Joe Gallagher had every intention of coming back for his 30th season as the head football coach at Haverford High School, even though the 2020 season was the most physically taxing of his long career because of a bad left hip, left knee and back.
“It was a really big struggle getting through it,” Gallagher said. “It got to the point, specifically with my back, that it literally knocked me off my feet. I had a folding chair with me. I was unable to be on my feet for an extended period of time. It limited my mobility and it was actually quite painful.”
Gallagher planned to have hip replacement, knee replacement and back surgery in the offseason in time to come back for another year.
COVID-19 changed those plans.
Gallagher said his hip replacement surgery was postponed three times before he finally underwent the procedure on Feb. 15. He is scheduled to have knee replacement surgery on May 17 and back surgery sometime in September.
Gallagher had his left knee replaced 10 years ago and his left hip replaced in 2016.

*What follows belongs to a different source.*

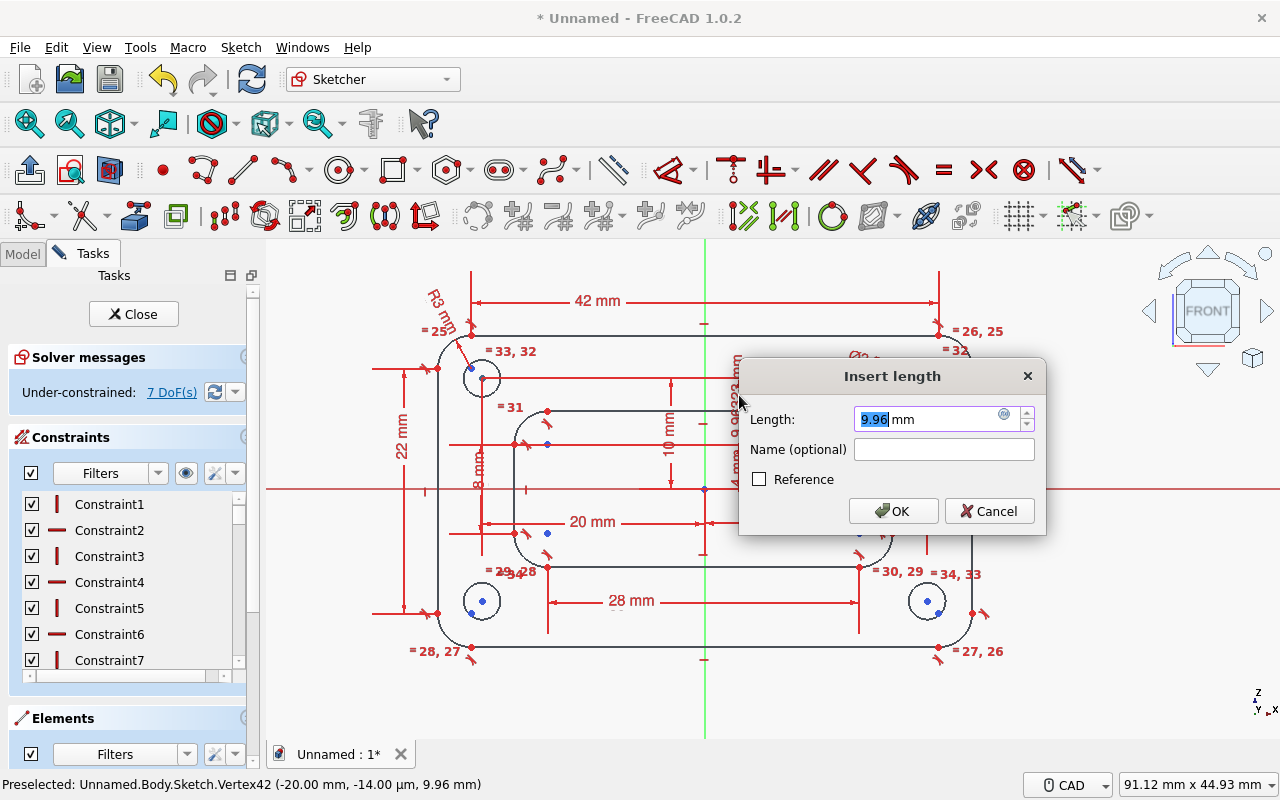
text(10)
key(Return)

“I think the imbalance of my left side being very good and my right side being bad caused me to walk like a penguin and that didn’t do my back any good,” Gallagher said. “I swore I would not spend another season where I was grabbing a stool to get off my feet.”

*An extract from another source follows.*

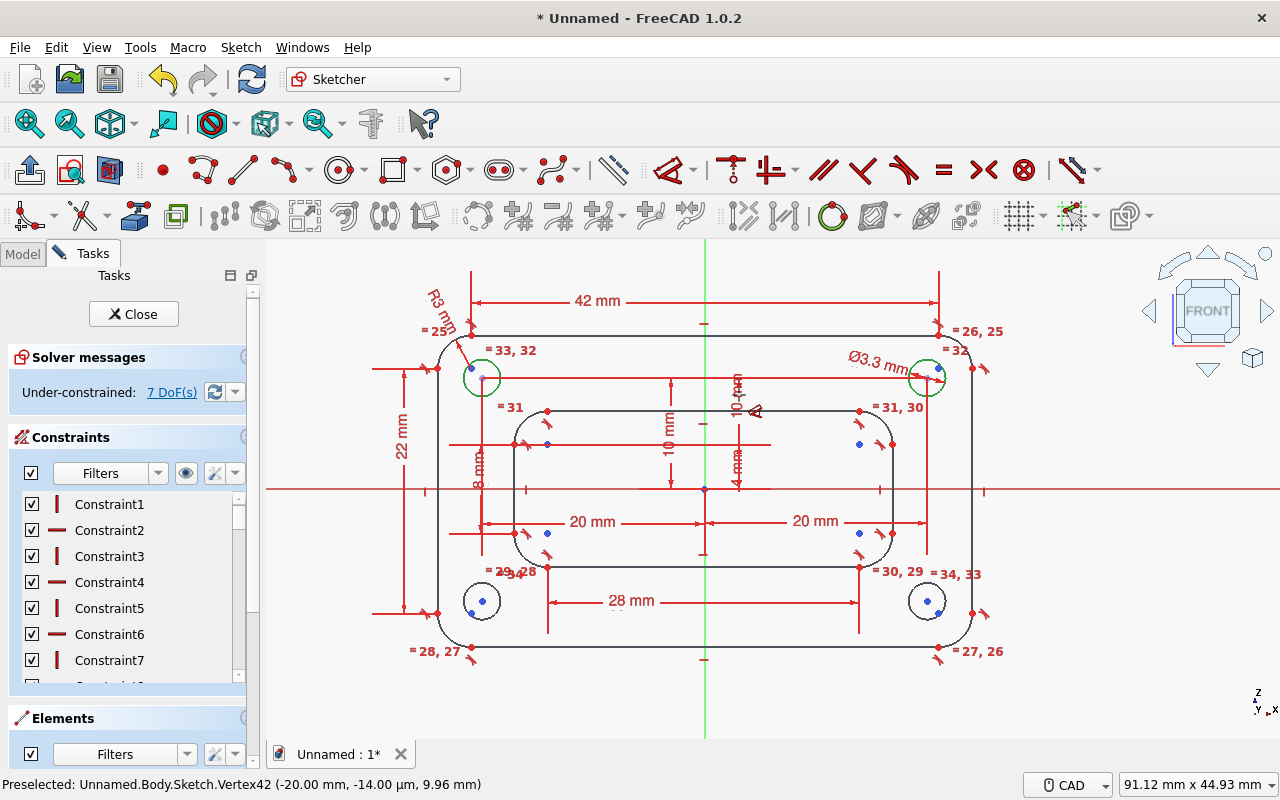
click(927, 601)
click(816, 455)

Therefore, Gallagher, the third-longest tenured coach in Delaware County behind Garnet Valley’s Mike Ricci (34 years) and Strath Haven’s Kevin Clancy (30 years), decided to call it a career and retire. He told Haverford principal Pete Donaghy of his decision last Thursday and informed the team a day later.
“It’s something I’ve been thinking about for a while,” Gallagher said. “It came down time-wise that I had to make a decision. It’s May and I want to give the school time to do something in my absence to get somebody.”
Gallagher said he came to the decision the weekend before last during a trip to Clarkston, Mich. to visit his older brother, Frank, who played seven seasons in the NFL.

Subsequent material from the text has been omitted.